Accueil > Actualité ciné > Critique > Mon bel oranger mardi 20 août 2013

Critique Mon bel oranger

Le garçon qui avait le mauvais œil, par Benoît Smith

Mon bel oranger

Meu Pé de Laranja Lima

réalisé par Marcos Bernstein

C’est un poids lourd parmi les best-sellers de la littérature à enseigner aux enfants (nos écoles primaires s’en chargent) qui subit ici les affres de l’adaptation au cinéma, par le scénariste Marcos Bernstein (à qui on doit, en tant que réalisateur, l’habile L’Autre Côté de la rue). Ce roman, on aurait préféré ne devoir que le lire.

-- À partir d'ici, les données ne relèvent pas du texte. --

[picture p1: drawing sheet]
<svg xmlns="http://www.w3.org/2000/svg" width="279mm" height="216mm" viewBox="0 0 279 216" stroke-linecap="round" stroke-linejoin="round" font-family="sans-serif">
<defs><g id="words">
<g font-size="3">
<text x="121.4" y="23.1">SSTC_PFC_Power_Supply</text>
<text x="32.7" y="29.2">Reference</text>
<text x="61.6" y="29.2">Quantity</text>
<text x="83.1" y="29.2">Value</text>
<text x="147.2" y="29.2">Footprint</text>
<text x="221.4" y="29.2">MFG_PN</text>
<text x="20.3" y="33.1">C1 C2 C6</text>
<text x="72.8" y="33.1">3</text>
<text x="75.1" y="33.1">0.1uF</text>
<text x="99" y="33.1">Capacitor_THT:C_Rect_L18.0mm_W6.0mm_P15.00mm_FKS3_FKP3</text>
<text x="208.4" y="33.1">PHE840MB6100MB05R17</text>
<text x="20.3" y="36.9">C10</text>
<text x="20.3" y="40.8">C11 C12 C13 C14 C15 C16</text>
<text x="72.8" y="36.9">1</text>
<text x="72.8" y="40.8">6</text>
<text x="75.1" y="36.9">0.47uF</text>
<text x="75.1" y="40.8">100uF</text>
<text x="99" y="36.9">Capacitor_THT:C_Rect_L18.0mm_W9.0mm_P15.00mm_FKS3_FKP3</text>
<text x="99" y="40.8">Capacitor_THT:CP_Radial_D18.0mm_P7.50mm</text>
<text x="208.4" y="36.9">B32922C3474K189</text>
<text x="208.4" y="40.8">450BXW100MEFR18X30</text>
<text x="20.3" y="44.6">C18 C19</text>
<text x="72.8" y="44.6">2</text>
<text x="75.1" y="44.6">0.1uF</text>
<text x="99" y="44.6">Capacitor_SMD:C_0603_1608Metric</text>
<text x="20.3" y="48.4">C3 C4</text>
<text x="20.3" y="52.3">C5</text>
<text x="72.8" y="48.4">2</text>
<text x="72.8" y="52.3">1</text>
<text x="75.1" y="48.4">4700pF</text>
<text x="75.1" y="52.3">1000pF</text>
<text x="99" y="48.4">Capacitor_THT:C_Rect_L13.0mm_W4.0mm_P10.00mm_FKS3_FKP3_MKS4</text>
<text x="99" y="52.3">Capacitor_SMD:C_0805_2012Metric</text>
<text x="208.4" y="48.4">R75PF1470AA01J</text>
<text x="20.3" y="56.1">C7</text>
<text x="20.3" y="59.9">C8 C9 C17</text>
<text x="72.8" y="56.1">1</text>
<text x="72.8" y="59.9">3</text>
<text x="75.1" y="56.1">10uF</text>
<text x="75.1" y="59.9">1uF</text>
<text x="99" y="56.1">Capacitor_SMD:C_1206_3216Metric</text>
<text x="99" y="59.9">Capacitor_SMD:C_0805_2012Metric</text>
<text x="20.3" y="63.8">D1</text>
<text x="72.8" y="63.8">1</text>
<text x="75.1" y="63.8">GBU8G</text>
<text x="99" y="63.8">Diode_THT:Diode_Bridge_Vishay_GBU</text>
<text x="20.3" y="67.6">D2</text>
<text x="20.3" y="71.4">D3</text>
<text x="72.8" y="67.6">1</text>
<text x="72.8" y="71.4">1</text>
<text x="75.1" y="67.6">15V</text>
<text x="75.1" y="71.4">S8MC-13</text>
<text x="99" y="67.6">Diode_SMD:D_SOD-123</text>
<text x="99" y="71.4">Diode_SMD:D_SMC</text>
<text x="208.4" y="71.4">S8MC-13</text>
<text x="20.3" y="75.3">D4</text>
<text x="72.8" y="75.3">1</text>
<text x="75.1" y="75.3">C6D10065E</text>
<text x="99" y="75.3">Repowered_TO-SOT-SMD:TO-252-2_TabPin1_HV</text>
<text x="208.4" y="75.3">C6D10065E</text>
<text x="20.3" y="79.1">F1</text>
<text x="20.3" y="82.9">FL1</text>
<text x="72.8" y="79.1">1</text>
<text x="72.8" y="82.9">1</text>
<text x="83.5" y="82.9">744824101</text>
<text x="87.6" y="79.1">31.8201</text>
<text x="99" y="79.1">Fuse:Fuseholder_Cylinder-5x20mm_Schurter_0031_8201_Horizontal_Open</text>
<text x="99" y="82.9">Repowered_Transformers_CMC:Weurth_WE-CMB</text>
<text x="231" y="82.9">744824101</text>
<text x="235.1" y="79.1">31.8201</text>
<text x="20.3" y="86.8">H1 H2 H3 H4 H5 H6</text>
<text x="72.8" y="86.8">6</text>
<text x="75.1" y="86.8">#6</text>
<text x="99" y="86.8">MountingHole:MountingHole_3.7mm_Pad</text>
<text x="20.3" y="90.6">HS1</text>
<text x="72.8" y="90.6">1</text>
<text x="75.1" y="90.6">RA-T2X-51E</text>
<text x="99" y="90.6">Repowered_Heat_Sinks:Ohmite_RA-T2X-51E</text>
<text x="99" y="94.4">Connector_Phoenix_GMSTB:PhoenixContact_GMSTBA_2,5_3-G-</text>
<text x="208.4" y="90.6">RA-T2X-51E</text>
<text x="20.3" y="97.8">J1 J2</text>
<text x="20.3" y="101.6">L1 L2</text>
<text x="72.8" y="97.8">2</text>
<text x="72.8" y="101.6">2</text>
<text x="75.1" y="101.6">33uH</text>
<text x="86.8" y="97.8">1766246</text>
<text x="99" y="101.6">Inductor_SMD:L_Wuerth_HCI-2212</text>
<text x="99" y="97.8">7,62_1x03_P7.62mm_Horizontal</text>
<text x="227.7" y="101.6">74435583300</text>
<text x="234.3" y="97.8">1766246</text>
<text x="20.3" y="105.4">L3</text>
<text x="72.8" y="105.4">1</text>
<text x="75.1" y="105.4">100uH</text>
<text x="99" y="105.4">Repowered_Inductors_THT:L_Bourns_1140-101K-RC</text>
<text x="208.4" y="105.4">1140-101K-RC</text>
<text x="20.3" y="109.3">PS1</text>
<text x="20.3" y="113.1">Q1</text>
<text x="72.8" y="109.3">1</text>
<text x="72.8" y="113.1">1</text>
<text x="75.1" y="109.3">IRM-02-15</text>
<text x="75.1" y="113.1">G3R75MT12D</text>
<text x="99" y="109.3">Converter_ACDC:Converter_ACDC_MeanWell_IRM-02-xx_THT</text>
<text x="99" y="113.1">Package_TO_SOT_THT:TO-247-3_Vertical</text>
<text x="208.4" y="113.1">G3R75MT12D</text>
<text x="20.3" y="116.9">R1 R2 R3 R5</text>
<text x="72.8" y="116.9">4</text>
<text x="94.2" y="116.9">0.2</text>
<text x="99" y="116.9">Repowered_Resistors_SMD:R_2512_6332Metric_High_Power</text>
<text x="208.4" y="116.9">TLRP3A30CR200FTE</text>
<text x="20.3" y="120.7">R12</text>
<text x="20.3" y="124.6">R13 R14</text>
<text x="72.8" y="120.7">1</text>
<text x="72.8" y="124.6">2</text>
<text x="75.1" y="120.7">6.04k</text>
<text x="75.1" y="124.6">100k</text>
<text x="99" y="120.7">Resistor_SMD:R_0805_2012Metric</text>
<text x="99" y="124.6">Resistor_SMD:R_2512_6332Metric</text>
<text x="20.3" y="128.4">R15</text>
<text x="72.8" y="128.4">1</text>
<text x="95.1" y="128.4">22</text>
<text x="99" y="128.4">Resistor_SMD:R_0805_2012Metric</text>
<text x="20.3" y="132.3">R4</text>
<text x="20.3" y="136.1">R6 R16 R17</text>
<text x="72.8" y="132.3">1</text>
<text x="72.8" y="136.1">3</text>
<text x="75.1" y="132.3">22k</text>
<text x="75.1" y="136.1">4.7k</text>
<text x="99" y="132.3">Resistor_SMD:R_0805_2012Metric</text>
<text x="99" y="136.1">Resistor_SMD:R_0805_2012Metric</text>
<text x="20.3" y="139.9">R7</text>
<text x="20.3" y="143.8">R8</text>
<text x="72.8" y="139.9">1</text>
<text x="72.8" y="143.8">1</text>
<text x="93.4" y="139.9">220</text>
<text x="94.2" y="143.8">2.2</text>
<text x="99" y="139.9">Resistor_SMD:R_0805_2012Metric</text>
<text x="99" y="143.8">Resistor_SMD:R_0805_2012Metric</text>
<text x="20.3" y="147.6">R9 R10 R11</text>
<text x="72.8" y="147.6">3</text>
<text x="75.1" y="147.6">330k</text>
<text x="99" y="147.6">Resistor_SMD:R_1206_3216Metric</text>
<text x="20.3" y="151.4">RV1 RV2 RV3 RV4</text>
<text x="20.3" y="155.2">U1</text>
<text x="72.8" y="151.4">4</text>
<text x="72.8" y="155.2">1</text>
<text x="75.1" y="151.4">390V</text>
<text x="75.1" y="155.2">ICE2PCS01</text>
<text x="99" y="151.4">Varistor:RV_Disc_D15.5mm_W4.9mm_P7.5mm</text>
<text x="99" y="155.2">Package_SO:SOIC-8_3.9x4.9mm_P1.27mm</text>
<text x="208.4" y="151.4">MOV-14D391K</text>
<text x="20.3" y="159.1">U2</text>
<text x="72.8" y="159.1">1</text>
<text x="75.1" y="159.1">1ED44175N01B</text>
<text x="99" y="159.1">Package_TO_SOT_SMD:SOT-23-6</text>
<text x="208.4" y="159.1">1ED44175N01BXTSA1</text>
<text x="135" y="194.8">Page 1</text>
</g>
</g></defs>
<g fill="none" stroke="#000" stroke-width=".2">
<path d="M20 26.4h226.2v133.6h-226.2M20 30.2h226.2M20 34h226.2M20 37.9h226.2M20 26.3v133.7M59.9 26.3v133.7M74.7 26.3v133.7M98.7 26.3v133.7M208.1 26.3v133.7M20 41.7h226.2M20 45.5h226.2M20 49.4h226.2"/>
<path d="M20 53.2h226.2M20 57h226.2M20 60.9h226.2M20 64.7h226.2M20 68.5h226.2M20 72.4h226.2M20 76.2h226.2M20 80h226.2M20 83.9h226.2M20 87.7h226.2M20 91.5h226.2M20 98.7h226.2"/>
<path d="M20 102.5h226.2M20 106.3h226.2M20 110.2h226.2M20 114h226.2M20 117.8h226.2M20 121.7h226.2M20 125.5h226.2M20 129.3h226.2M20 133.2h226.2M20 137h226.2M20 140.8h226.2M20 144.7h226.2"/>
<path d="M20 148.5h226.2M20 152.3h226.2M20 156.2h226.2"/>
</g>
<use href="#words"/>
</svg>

Au moins Bernstein est-il un bon lecteur, au point de déceler dans l’apparente limpidité de la chronique enfantine quelques aspérités, quelque sous-texte où rapport familial et rapport social se confondent sournoisement. Son héros Zézé a sept ans et, dit-on, « le diable en lui ». Enchaîné à la pauvreté de sa famille, il passe sa frustration dans des tours pendables et des initiatives pour s’envoler de ses propres ailes. De sa propre famille, et notamment de son père qui ne comprend que trop bien la déception qu’il inspire à son fils, le garçon récolte en retour défiance voire violente hostilité. De ce quotidien pas très rose, il ne trouve de réel réconfort que dans deux relations privilégiées : l’une avec son petit oranger au fond du jardin, à qui il raconte sa vie et ses histoires à voix haute ; et l’autre avec Portuga, ce vieux monsieur qui a une voiture et qui intrigue tout le monde au village. Si la lecture du livre par les scénaristes n’est pas idiote ni dénuée d’intérêt, il est dommage que le regard de l’enfant, et la promesse d’un refuge pour lui face à la dureté du monde, servent aussi au réalisateur d’échappatoire pour laisser s’exprimer une certaine complaisance propre à soulager de la dureté de ses constats.

Le regard pollué

Car le film adopte le point de vue du garçon, affecte d’épouser ses émotions et son imagination, et cela revient pour lui à se livrer à une distribution forcenée d’effets visuels dont il se passe très bien, par ailleurs, pour filmer le monde des adultes sous un angle plus neutre. Zézé joue-t-il au dada sur une branche de son oranger ? Aussitôt un cheval blanc apparaît, sur lequel il peut galoper au ralenti, et la monture de disparaître dès que son cavalier descend de la branche. Un adulte s’approche-t-il de manière menaçante ? Il se voit filmé en contre-plongée et de travers, ou le visage outré en courte focale. Une scène de violence paternelle donne le prétexte à un montage haché et un cadrage tremblotant. Etc.

Bernstein a de toute évidence bien défini la charte graphique de son film pour que la caméra soit le vecteur de ce qui agite Zézé. Mais à force de s’y tenir avec un formalisme aussi machinal, il fait du regard même de l’enfant une sorte de foire visuelle morbide et pénible (car percluse de ces symptômes que sont ces effets), où celui qui est censé regarder s’apparente moins à un enfant – ou à un observateur humain – qu’à une créature jouet de la compétence technique de ceux qui filment. La mise en scène de Bernstein, au bout du compte, évoque dans ses pires moments un parent pauvre des tours de forain de Terry Gilliam (le malaise n’est pas loin de celui laissé par Tideland, dont le héros était une fillette), moins assumé que son modèle car toujours sagement arrimé aux devoirs qu’il s’est donnés : celui d’adapter un best-seller, celui de dépeindre la misère d’un village brésilien, et celui de laisser un espoir au bout du tunnel avec le personnage de Portuga. Oscillant entre académisme peu offensif et choix esthétiques atterrants, hésitant entre fidélité au réalisme et complaisance dans le fantasme, le mélodrame tiré ici de Mon bel oranger dessèche l’humanité dont il prétend offrir le portrait.